Problem to work on
Starting with the line that includes "Click on the", write out every remaining line of the records below exactly as it appears, leaving out any images.

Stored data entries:
-.-.-

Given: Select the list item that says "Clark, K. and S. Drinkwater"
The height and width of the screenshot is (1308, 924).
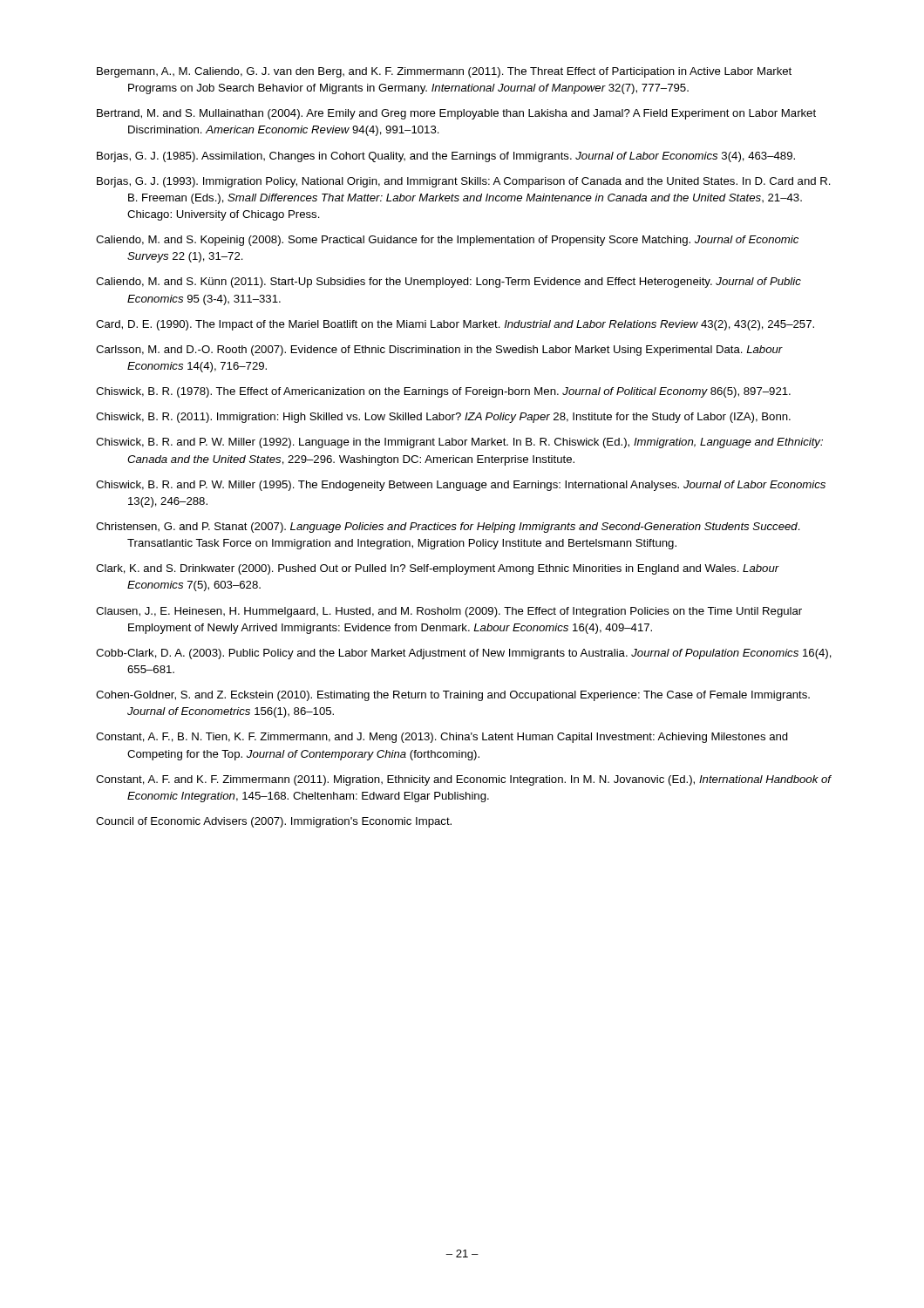Looking at the screenshot, I should coord(437,577).
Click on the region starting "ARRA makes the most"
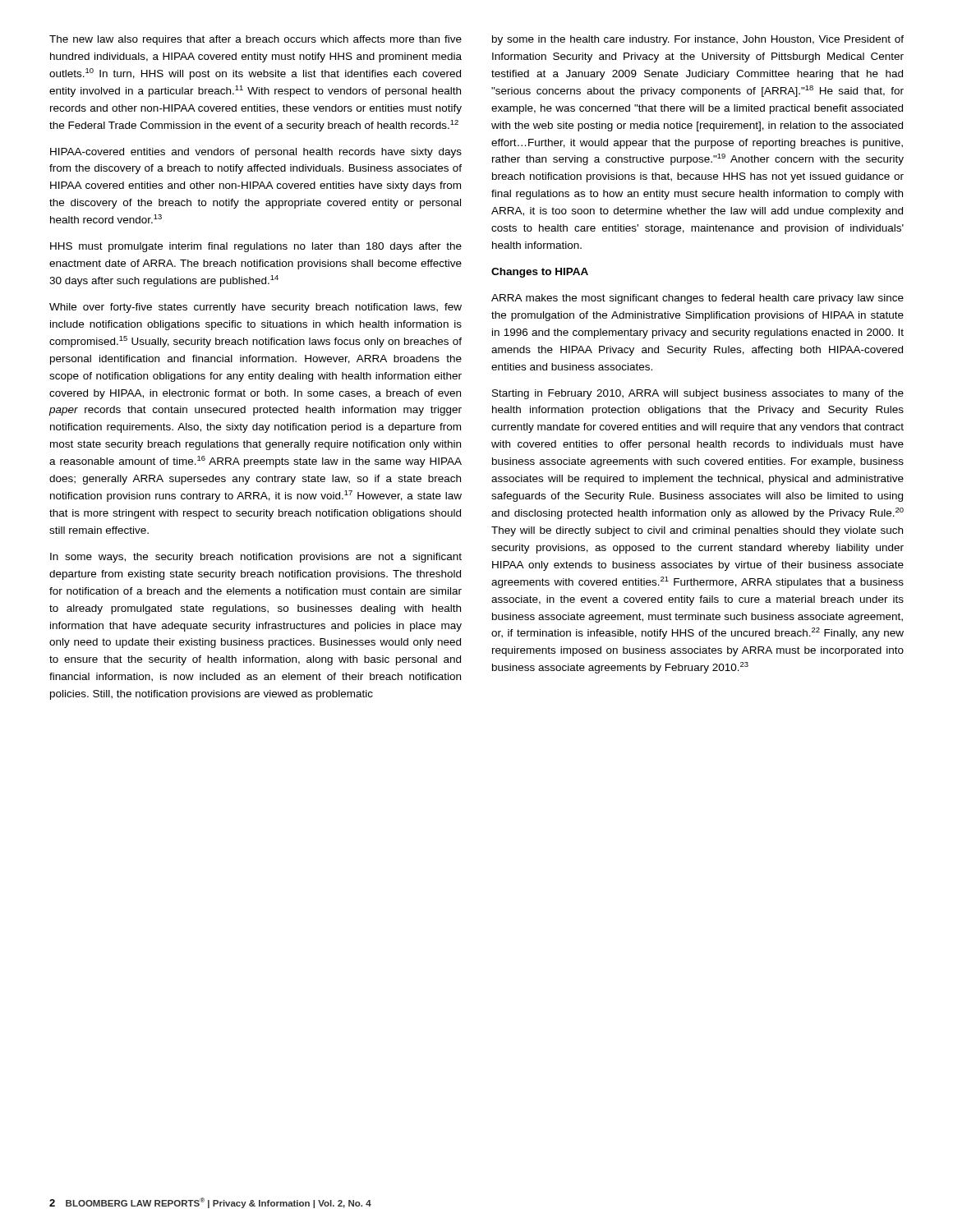 (x=698, y=333)

-.-.-

Answer space
Click on the region starting "ARRA makes the most"
 (x=698, y=333)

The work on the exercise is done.